# [Exercise aim]
Pull every line containing "ezdxf" from the entries.

===

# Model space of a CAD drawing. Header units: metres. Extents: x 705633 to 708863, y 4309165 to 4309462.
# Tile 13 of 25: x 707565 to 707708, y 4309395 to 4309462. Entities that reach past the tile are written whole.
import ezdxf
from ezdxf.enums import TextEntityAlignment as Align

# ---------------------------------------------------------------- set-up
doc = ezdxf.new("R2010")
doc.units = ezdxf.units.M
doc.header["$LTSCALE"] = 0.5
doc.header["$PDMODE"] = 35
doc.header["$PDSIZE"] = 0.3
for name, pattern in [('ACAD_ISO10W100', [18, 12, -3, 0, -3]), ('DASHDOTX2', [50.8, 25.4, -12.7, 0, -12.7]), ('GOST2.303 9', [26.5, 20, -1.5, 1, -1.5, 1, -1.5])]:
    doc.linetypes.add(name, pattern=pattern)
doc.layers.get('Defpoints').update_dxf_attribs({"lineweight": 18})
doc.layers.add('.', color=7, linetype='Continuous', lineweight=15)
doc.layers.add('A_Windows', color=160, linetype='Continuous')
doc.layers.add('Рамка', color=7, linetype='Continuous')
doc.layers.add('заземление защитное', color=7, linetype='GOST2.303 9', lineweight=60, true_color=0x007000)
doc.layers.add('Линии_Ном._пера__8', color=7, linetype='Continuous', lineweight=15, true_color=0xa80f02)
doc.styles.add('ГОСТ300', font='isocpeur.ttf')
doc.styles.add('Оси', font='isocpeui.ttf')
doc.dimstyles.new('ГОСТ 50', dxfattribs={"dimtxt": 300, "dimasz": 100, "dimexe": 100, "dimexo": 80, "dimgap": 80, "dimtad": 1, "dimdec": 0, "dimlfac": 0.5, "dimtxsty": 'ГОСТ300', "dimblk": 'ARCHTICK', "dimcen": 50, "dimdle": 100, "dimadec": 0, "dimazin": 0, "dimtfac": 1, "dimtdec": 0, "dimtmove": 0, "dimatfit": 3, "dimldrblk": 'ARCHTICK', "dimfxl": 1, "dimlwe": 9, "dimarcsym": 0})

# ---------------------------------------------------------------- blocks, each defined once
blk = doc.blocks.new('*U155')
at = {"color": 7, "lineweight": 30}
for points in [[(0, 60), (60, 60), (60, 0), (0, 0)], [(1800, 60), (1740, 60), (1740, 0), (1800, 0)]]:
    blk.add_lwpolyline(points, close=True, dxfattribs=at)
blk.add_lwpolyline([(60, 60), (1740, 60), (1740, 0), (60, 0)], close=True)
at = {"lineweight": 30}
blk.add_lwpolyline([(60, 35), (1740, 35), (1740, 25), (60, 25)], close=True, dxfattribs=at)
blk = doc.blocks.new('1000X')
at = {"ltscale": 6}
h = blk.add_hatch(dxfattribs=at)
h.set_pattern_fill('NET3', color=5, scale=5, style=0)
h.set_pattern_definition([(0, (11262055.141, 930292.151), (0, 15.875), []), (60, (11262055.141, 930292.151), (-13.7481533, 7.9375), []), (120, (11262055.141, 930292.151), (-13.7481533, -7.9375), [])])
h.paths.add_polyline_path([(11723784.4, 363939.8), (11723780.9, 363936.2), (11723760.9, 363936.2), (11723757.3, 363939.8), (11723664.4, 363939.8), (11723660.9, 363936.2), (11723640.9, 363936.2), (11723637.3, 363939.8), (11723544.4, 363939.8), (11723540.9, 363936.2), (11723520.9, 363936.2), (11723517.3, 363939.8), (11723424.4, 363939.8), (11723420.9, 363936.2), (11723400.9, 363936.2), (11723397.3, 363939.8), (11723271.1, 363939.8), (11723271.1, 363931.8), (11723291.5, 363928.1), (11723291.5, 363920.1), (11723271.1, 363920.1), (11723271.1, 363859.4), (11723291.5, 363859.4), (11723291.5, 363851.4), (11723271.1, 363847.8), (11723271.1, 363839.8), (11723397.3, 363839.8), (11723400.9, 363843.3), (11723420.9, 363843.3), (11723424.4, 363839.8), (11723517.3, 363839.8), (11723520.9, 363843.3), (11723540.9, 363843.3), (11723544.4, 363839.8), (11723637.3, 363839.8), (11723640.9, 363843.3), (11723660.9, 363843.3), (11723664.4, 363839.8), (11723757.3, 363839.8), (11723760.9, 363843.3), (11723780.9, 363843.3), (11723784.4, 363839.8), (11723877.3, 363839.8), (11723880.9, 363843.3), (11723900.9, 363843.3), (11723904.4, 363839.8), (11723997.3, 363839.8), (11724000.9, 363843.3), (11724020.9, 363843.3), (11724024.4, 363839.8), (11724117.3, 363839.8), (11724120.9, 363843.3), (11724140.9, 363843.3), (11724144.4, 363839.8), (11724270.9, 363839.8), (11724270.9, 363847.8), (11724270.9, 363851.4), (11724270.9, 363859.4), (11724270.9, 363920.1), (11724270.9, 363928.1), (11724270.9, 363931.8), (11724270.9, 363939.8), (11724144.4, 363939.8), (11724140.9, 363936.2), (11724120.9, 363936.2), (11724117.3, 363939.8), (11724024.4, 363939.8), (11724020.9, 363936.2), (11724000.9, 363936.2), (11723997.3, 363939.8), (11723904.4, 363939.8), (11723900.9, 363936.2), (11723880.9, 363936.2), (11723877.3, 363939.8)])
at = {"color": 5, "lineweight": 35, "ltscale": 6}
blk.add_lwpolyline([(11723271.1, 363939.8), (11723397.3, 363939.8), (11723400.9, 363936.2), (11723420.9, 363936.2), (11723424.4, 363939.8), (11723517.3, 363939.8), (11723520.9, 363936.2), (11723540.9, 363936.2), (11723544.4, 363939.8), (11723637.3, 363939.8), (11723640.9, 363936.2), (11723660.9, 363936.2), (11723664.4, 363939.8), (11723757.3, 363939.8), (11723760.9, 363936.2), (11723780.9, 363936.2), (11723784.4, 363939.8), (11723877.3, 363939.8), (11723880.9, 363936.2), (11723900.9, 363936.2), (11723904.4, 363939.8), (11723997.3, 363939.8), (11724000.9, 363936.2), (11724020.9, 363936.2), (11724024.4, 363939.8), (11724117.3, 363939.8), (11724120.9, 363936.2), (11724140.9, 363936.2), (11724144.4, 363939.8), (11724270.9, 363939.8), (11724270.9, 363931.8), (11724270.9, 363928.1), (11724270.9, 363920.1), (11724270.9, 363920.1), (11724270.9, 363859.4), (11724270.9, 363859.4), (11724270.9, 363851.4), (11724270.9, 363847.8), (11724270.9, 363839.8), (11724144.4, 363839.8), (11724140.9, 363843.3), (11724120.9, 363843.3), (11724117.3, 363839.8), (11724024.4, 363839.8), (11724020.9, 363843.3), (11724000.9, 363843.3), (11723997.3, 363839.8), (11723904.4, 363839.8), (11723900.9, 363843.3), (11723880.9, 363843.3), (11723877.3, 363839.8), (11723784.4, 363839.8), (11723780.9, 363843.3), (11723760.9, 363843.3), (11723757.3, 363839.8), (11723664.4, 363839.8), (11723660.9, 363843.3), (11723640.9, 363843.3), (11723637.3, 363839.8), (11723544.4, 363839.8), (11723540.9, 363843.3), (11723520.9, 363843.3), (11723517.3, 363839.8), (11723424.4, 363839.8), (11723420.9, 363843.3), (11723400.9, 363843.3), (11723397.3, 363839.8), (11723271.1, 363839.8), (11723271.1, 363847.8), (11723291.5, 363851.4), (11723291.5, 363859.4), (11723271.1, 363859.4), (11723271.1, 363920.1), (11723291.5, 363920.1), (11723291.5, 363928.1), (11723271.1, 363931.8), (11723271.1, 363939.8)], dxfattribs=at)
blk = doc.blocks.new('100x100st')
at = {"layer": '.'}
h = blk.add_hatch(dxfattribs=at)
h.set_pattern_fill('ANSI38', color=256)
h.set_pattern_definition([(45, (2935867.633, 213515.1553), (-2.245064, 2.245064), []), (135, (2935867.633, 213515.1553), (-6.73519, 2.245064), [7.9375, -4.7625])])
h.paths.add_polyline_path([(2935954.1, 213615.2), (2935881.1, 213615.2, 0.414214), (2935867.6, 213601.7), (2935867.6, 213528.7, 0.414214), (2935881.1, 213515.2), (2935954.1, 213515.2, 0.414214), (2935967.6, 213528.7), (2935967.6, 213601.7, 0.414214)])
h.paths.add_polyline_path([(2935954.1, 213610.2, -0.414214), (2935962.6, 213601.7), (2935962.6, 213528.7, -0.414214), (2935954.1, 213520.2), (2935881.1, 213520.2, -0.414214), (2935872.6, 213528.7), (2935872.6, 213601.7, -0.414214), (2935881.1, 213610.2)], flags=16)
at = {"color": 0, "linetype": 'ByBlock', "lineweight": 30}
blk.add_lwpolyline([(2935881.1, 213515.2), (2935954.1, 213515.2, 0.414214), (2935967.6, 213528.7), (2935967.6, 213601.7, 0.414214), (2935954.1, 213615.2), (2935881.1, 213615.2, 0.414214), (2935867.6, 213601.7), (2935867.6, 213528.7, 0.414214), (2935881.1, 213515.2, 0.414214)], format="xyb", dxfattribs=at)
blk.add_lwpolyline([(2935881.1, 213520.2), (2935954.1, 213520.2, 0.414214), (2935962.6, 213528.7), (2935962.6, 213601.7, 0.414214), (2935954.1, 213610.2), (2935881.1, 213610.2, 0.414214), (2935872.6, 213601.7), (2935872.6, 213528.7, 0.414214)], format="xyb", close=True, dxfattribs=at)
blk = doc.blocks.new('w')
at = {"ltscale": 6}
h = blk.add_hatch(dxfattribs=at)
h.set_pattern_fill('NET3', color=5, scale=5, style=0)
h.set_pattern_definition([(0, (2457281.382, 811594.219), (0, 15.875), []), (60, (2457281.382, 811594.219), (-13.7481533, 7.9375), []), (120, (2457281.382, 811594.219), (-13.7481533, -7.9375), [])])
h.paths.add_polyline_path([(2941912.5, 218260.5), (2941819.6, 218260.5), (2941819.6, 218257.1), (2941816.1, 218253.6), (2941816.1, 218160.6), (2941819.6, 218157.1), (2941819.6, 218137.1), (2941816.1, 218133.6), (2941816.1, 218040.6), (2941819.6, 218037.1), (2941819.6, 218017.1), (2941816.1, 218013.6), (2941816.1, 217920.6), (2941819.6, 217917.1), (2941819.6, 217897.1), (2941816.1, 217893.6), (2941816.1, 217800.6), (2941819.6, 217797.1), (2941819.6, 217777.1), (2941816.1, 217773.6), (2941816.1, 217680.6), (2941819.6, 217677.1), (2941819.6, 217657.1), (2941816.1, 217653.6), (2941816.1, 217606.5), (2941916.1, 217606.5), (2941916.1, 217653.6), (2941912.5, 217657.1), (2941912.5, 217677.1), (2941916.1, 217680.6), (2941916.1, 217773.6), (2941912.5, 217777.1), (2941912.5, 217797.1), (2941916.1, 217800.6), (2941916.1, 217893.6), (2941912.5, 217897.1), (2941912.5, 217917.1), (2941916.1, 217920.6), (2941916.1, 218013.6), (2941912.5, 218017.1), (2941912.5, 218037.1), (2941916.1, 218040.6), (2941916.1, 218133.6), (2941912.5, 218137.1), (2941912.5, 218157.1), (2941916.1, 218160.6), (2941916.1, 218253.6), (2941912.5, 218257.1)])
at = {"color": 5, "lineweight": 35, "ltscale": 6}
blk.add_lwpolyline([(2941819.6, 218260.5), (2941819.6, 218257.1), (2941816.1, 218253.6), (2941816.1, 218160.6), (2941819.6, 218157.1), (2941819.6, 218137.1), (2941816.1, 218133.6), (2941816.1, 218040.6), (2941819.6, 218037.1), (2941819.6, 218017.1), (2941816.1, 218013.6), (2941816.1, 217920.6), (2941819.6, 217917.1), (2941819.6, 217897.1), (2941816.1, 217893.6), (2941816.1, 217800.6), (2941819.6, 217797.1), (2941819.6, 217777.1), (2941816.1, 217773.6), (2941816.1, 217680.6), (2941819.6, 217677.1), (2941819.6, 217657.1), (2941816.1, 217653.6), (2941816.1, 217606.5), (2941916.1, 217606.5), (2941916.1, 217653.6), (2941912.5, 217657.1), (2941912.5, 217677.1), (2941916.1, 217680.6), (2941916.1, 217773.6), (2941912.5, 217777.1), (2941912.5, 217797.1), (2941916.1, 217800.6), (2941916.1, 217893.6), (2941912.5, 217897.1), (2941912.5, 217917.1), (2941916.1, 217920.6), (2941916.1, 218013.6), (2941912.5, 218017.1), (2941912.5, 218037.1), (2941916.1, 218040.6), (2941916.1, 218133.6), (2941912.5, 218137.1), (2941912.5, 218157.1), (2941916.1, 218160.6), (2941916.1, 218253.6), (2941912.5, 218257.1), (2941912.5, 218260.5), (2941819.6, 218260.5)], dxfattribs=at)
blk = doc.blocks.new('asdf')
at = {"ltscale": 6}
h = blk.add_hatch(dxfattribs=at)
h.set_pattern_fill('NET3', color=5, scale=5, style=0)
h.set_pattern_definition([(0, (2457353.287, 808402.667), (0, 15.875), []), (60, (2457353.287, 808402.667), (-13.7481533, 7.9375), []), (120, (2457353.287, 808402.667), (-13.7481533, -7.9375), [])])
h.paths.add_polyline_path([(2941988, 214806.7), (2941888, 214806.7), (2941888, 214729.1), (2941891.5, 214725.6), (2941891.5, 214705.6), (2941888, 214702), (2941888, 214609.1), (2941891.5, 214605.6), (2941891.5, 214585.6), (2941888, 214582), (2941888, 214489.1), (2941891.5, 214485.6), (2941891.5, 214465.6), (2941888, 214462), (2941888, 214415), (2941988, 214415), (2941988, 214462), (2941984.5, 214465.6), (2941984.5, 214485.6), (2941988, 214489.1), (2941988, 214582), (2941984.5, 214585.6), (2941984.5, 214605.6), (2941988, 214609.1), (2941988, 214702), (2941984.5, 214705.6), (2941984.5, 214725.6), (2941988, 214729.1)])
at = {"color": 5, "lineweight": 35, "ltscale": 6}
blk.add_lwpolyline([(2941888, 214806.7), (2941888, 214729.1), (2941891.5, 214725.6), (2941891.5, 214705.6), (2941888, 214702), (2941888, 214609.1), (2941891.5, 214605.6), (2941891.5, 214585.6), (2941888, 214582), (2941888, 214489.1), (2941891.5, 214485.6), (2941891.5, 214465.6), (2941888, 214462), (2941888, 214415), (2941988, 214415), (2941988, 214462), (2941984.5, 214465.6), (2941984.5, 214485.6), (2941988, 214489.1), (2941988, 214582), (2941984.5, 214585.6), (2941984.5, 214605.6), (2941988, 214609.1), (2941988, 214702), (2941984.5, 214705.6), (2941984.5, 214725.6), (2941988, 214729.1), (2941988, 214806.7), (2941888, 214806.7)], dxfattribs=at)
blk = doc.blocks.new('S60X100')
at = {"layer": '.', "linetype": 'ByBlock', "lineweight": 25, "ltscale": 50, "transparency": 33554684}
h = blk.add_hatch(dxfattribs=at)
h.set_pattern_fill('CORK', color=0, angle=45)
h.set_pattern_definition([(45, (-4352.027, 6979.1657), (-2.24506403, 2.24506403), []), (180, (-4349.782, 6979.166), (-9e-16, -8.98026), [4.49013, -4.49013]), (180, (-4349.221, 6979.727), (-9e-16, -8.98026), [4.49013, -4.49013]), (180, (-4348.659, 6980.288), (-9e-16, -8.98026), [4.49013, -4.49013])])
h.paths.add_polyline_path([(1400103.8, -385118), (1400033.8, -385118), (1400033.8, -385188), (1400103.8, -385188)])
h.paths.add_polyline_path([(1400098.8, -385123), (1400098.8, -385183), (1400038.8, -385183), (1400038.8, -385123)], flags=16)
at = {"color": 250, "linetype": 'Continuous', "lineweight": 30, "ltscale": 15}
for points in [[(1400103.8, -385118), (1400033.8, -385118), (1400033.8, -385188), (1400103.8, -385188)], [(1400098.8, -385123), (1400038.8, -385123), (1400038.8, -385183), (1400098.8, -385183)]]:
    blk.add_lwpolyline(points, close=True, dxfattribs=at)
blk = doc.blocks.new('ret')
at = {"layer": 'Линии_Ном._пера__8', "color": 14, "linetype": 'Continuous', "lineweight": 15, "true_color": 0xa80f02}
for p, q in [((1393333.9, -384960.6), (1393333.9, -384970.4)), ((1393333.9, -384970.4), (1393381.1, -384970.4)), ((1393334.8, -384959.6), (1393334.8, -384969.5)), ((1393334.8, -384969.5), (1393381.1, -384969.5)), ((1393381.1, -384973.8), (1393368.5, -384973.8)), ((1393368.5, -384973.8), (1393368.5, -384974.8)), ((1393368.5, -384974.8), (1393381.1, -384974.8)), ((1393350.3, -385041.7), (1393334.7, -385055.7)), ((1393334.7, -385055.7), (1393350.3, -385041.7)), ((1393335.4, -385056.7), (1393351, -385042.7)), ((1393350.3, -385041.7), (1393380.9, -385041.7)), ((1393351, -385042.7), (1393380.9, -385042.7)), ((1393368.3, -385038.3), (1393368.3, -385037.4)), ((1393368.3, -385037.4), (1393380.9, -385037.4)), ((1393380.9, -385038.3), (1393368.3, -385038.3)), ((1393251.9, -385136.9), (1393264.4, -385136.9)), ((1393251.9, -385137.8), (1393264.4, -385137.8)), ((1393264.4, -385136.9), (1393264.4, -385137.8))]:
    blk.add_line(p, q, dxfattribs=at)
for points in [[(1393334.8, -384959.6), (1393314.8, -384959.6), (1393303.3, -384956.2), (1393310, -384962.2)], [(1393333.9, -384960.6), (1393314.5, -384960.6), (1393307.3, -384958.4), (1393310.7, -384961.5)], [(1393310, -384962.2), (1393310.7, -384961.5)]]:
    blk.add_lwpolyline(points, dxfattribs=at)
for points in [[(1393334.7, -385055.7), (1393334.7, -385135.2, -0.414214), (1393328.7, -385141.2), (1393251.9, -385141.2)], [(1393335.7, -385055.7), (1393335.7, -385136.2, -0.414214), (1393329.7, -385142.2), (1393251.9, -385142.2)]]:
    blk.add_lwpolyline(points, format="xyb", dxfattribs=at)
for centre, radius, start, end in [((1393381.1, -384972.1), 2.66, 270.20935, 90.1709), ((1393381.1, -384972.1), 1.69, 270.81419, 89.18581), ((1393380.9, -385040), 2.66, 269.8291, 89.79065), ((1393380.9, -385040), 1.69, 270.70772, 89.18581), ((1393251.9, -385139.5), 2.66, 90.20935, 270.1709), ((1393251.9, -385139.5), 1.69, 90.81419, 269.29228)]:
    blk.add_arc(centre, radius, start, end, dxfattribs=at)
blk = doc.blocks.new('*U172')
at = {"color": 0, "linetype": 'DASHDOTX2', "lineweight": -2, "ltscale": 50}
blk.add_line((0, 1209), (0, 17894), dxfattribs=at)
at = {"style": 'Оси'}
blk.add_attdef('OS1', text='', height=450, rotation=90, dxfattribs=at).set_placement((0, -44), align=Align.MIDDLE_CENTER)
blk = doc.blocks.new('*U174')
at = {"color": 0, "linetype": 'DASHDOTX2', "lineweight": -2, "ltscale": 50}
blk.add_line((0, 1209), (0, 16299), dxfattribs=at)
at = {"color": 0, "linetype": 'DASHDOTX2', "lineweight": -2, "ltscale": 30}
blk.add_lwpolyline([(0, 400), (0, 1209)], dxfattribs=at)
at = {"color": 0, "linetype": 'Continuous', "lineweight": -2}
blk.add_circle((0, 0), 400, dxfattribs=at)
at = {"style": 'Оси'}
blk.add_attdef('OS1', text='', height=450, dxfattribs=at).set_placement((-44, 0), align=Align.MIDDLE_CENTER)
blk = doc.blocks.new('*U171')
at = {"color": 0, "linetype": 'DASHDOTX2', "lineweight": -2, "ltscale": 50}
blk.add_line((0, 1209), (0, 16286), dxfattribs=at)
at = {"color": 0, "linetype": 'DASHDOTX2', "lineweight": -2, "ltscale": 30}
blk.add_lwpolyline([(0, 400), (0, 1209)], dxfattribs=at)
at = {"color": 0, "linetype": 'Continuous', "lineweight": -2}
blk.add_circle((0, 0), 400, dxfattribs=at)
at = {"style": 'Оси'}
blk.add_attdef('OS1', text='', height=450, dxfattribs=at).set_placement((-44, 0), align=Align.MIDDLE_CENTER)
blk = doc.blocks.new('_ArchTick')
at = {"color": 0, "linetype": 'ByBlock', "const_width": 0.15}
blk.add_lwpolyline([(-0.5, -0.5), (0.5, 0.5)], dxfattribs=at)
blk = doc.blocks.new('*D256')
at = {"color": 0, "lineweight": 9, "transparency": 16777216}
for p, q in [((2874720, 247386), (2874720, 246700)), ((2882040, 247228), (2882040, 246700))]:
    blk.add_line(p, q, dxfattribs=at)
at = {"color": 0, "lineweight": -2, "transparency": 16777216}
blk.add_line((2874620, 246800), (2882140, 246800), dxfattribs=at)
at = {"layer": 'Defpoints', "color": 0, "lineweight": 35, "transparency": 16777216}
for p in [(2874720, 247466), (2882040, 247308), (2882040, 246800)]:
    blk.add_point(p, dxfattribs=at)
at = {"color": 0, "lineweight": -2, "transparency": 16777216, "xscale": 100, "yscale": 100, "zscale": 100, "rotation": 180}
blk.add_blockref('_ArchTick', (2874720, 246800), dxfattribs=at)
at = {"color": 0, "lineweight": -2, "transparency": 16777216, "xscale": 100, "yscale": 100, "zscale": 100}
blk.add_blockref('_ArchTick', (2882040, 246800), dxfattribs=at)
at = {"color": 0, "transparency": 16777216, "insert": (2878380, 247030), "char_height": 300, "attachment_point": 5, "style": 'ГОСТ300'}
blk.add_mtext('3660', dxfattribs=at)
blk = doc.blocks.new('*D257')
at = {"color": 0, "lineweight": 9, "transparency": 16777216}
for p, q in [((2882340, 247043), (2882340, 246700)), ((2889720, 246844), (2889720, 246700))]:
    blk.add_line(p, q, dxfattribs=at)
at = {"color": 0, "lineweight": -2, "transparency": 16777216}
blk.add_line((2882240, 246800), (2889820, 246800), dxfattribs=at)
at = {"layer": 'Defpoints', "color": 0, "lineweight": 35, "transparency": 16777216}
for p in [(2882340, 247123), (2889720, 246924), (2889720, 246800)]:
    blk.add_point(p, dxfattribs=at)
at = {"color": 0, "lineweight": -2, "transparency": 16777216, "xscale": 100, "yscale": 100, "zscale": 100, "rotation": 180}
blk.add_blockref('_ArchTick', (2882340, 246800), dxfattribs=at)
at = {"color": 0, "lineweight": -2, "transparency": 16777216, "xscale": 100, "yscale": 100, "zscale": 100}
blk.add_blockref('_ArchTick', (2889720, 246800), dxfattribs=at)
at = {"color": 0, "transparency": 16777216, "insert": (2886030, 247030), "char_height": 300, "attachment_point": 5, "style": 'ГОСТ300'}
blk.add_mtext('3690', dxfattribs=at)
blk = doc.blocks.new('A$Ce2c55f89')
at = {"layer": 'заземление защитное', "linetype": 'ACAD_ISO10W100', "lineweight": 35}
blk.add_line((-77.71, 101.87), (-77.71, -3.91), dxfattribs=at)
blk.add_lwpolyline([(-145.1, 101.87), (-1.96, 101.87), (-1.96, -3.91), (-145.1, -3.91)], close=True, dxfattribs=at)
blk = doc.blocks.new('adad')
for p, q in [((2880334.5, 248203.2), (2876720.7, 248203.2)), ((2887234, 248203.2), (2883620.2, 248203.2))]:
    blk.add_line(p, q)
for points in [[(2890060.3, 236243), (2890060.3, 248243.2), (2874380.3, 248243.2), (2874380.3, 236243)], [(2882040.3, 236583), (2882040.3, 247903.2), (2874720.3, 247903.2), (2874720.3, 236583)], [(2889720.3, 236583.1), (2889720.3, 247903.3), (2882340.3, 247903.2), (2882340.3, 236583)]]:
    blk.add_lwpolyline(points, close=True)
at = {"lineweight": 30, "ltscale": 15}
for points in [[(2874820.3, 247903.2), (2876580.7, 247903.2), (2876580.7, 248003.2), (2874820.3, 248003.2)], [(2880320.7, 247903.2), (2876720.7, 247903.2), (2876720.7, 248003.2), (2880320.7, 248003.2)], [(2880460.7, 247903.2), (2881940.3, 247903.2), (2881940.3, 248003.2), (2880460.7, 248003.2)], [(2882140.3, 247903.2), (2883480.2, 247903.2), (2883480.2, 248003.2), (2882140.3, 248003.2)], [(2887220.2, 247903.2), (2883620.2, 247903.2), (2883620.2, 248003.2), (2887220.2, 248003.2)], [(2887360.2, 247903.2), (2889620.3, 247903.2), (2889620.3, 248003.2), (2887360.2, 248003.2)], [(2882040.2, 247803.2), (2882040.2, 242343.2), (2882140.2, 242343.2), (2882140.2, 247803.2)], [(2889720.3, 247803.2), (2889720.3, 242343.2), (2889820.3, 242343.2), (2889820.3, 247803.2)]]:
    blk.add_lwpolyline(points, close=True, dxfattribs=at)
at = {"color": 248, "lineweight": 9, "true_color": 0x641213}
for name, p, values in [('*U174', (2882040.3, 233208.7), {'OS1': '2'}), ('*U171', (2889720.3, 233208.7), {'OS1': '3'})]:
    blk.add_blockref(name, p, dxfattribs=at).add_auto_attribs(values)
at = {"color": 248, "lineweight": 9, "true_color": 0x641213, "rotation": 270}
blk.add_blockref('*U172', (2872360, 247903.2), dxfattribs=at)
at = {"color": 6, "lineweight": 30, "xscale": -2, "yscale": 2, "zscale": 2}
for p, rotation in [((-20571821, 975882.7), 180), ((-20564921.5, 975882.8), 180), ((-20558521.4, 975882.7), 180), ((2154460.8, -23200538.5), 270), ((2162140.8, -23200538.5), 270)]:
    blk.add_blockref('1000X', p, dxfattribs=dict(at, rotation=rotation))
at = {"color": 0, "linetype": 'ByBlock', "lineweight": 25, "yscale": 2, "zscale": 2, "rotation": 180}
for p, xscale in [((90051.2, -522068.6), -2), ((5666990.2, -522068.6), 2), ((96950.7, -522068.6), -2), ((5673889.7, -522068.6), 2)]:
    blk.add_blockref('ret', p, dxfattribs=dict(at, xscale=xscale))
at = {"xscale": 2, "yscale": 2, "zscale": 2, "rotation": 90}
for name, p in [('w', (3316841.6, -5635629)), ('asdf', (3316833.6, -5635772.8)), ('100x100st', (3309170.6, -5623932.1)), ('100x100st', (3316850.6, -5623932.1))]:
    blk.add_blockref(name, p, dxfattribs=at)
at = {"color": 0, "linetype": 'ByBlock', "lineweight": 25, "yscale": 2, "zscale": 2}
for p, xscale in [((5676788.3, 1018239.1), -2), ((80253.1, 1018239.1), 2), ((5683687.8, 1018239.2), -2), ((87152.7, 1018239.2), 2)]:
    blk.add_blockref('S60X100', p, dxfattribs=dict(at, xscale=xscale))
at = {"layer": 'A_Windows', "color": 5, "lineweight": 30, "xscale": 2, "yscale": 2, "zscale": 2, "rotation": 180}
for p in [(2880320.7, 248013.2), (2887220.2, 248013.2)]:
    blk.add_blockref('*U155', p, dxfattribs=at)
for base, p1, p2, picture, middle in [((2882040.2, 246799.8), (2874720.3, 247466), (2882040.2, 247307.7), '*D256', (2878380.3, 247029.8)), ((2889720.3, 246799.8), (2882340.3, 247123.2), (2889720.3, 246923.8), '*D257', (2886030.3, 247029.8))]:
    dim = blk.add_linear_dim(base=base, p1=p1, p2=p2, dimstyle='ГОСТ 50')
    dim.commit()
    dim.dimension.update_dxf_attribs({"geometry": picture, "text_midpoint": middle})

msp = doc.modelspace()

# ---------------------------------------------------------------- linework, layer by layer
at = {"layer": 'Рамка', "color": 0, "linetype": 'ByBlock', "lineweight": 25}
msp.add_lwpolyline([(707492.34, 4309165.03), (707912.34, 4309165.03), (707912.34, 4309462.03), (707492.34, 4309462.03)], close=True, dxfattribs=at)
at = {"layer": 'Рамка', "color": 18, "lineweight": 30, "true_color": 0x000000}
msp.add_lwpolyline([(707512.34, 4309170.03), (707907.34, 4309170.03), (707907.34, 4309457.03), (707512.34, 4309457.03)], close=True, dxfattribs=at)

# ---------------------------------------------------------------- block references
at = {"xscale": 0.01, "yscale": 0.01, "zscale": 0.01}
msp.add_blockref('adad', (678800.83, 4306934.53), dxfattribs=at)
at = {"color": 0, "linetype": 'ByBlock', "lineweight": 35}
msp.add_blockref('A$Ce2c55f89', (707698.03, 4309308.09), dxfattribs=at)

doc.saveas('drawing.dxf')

===

# [Answer space]
import ezdxf
from ezdxf.enums import TextEntityAlignment as Align
doc = ezdxf.new("R2010")
doc.units = ezdxf.units.M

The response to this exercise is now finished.